Comments and cheers welcome, as always.
Daniel
import os
from glob import glob
import requests
class SessionWithHeaderRedirection(requests.Session):
AUTH_HOST = 'urs.earthdata.nasa.gov'
def __init__(self, username, password):
super().__init__()
self.auth = (username, password)
# Overrides from the library to keep headers when redirected to or from
# the NASA auth host.
def rebuild_auth(self, prepared_request, response):
headers = prepared_request.headers
url = prepared_request.url
if 'Authorization' in headers:
original_parsed = requests.utils.urlparse(response.request.url)
redirect_parsed = requests.utils.urlparse(url)
if (original_parsed.hostname != redirect_parsed.hostname) and \
redirect_parsed.hostname != self.AUTH_HOST and \
original_parsed.hostname != self.AUTH_HOST:
del headers['Authorization']
return
def download_CPFs_ssl(local_dir, update_callback):
# remove old files
if not os.path.isdir(local_dir):
os.mkdir(local_dir)
filelist = glob(os.path.join(local_dir, "*"))
for f in filelist:
os.remove(f)
# define urls and credentials
url = "https://cddis.nasa.gov/archive/slr/cpf_predicts/current/"
username = ""
password = ""
# make the request to the web site to get filenames
session = SessionWithHeaderRedirection(username, password)
response = session.get(url + "*?list")
# check if response is okay
if response.status_code is not requests.codes.ok:
log.error("Could not connect to CPF server. HTML code: %d" % (response.status_code))
return False
# parse the response and make list of filenames
lines = response.text.split('\n')
filenames = []
for line in lines:
if line.startswith("#"): # comment lines
continue
if line.strip() == "": # empty lines
continue
filename, size = line.split()
filenames.append(filename)
# download each file and save it
excl_list = ["MD5SUMS", "SHA512SUMS", "index.html"]

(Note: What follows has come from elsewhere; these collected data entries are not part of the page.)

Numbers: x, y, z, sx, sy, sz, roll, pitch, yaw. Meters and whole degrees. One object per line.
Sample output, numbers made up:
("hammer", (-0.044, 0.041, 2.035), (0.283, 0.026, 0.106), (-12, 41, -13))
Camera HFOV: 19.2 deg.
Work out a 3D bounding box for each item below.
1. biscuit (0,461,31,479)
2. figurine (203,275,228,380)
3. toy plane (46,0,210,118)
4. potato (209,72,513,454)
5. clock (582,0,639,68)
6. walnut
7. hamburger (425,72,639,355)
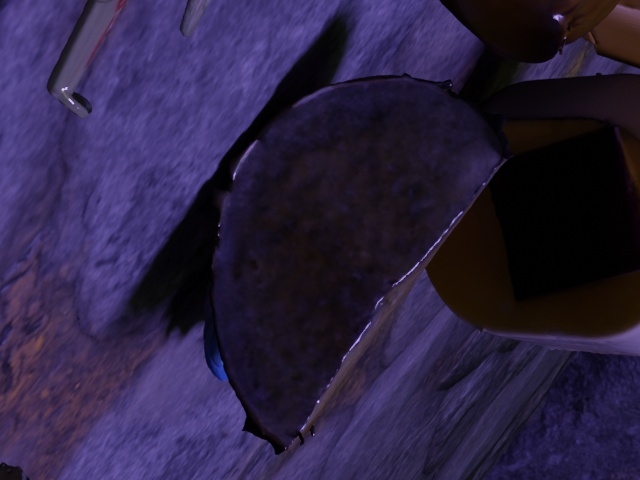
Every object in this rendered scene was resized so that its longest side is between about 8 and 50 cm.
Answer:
("biscuit", (-0.184, 0.243, 1.017), (0.250, 0.046, 0.147), (-90, -177, -62))
("figurine", (-0.037, 0.048, 1.252), (0.114, 0.079, 0.114), (-54, 162, -26))
("toy plane", (-0.047, -0.156, 0.753), (0.229, 0.092, 0.244), (-52, 164, -2))
("potato", (0.000, 0.000, 1.164), (0.243, 0.138, 0.098), (-53, 176, -5))
("clock", (0.290, -0.283, 1.372), (0.317, 0.200, 0.244), (-63, 168, -1))
("walnut", (0.128, -0.185, 1.156), (0.137, 0.137, 0.245), (-53, 157, -6))
("hamburger", (0.216, -0.020, 1.513), (0.151, 0.295, 0.227), (-14, 103, -42))

for i, filename in enumerate(filenames):
if filename in excl_list:
continue
filepath = url + filename
response = session.post(filepath)
with open(os.path.join(local_dir, filename), "wb") as f_out:
f_out.write(response.content)
keep_running = update_callback(100. * i / len(filenames))
if not keep_running:
break
return i
if __name__ == "__main__":
def print_progress(p):
print(p)
return True
download_CPFs_ssl("./CPF/", print_progress)